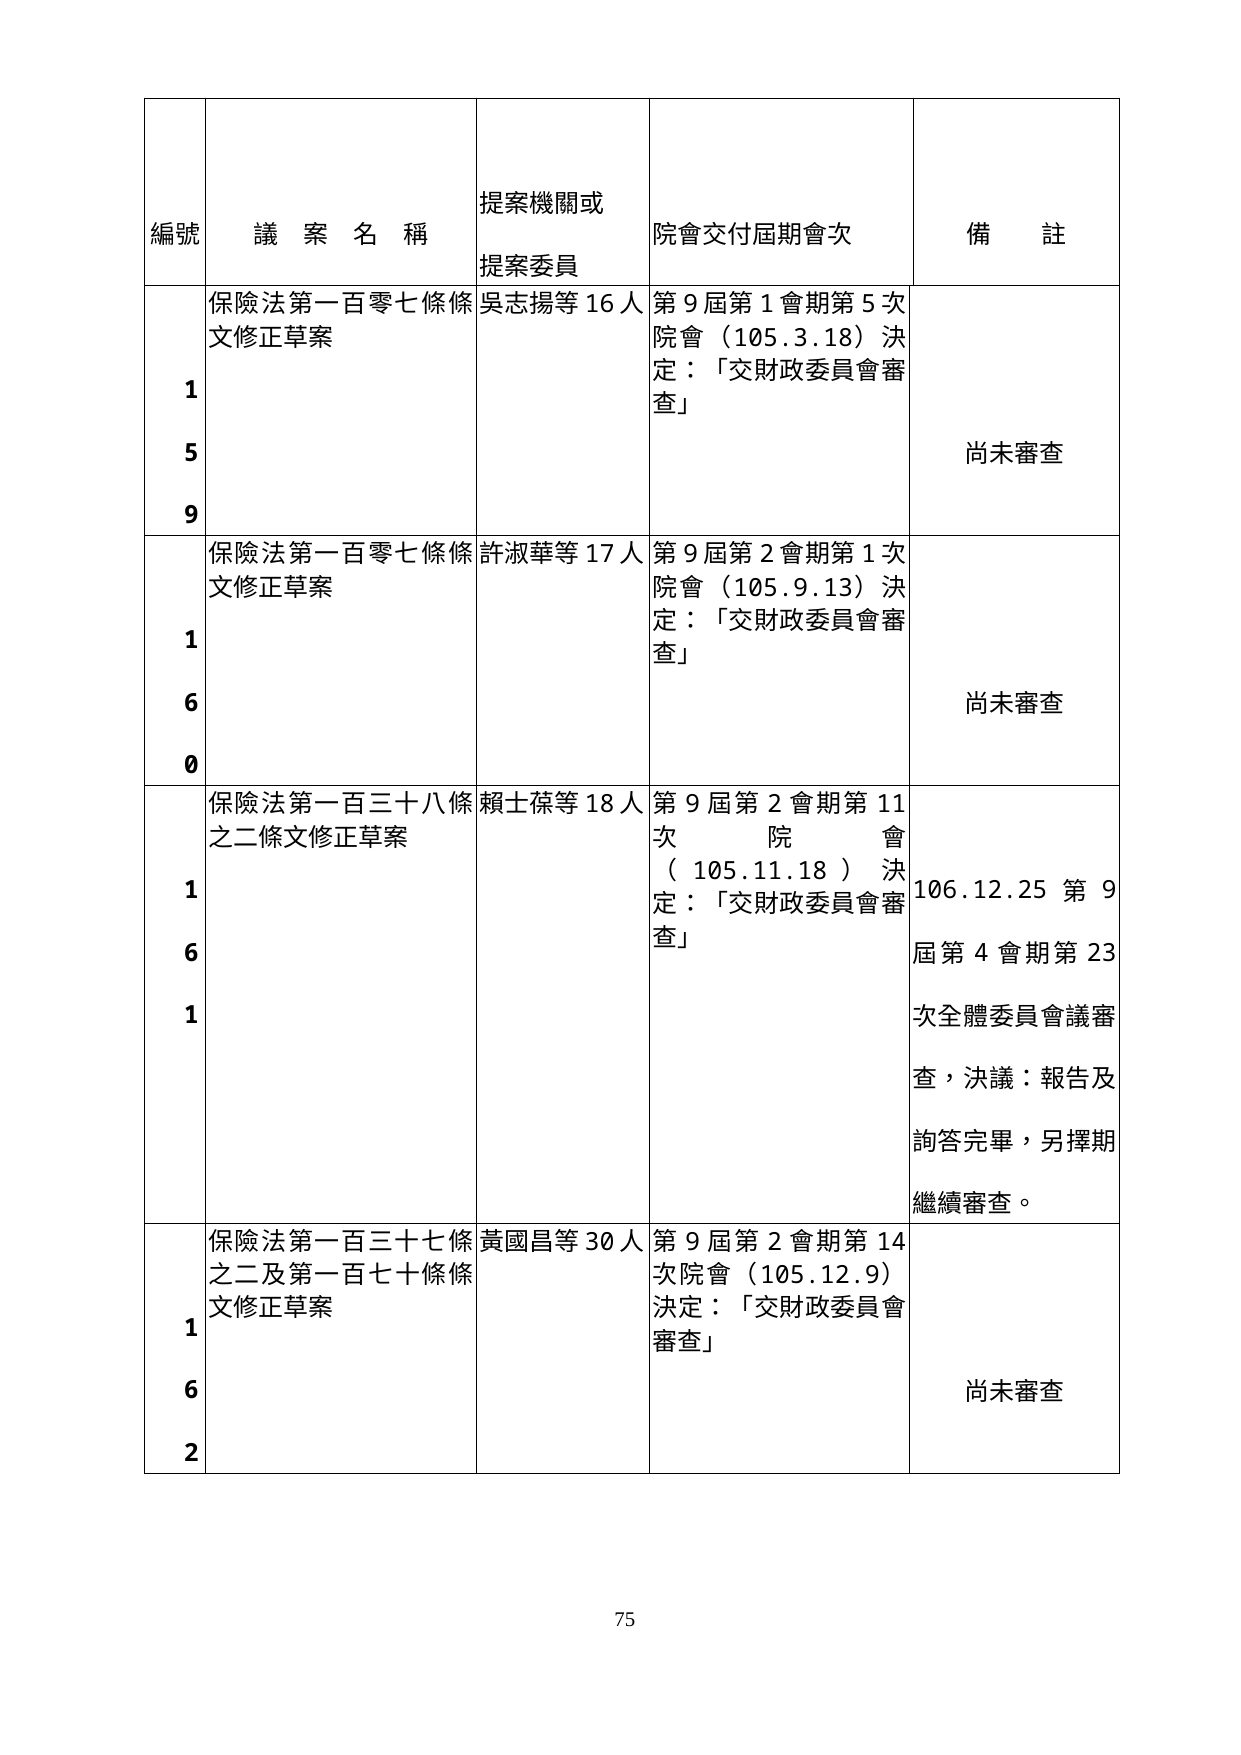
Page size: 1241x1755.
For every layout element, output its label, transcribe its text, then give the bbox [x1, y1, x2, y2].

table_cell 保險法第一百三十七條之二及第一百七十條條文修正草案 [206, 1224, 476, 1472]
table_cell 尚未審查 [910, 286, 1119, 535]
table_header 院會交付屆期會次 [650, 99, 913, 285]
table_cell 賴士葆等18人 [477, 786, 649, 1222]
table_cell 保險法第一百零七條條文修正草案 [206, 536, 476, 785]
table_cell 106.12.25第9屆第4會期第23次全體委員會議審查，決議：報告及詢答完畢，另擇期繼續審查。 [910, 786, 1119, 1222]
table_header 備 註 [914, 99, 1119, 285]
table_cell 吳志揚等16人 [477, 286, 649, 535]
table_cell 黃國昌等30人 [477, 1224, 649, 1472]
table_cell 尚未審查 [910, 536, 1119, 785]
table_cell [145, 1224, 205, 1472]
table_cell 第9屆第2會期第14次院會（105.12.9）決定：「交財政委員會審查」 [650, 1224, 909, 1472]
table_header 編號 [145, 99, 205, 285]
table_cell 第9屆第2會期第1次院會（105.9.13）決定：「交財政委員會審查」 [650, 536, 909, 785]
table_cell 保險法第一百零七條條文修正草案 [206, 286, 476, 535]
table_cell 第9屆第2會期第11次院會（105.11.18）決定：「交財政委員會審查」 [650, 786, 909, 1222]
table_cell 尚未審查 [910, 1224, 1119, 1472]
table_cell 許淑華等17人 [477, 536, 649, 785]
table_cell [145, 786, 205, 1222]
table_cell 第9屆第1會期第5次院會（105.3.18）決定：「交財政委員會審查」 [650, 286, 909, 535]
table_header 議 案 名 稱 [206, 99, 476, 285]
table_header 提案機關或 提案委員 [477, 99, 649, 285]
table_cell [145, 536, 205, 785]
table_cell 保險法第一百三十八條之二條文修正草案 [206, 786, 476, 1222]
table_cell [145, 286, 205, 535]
*****
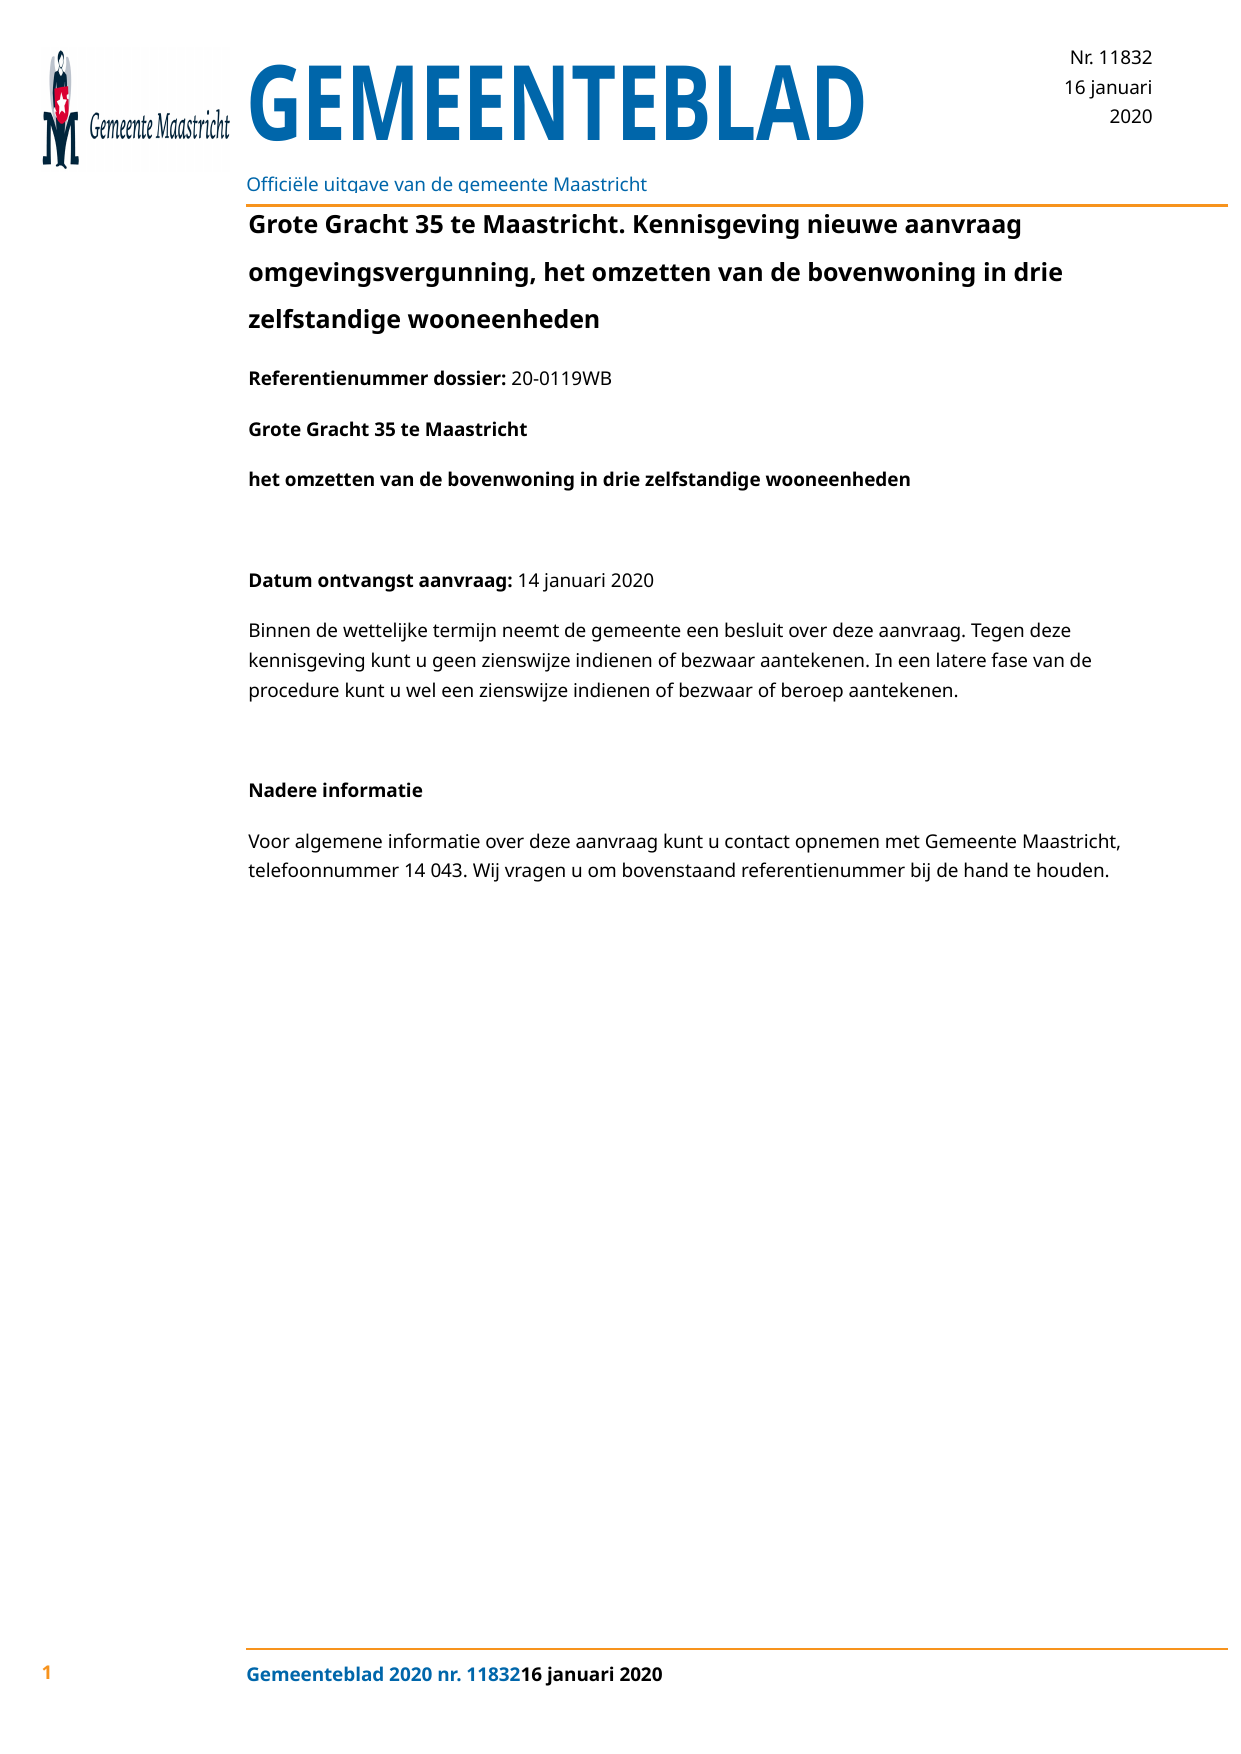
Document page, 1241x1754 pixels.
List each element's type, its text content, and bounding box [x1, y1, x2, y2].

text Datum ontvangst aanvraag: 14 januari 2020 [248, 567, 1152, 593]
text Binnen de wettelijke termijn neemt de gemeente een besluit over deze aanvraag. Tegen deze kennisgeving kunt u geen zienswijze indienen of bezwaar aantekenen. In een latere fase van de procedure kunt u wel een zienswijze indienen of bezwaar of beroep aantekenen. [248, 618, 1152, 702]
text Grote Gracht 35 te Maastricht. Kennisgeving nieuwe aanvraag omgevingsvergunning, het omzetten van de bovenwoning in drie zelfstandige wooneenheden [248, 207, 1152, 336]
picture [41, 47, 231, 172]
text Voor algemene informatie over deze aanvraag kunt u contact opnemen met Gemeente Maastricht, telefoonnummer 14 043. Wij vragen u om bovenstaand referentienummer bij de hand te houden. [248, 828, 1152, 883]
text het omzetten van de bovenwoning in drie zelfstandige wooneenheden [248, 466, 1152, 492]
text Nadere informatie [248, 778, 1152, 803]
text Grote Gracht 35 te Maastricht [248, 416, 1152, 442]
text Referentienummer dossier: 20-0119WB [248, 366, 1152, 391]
*****
_Instructions for the task:_
Copy out every line above where "omzetten" is present.

_Answer box:_
text Grote Gracht 35 te Maastricht. Kennisgeving nieuwe aanvraag omgevingsvergunning, het omzetten van de bovenwoning in drie zelfstandige wooneenheden [248, 207, 1152, 336]
text het omzetten van de bovenwoning in drie zelfstandige wooneenheden [248, 466, 1152, 492]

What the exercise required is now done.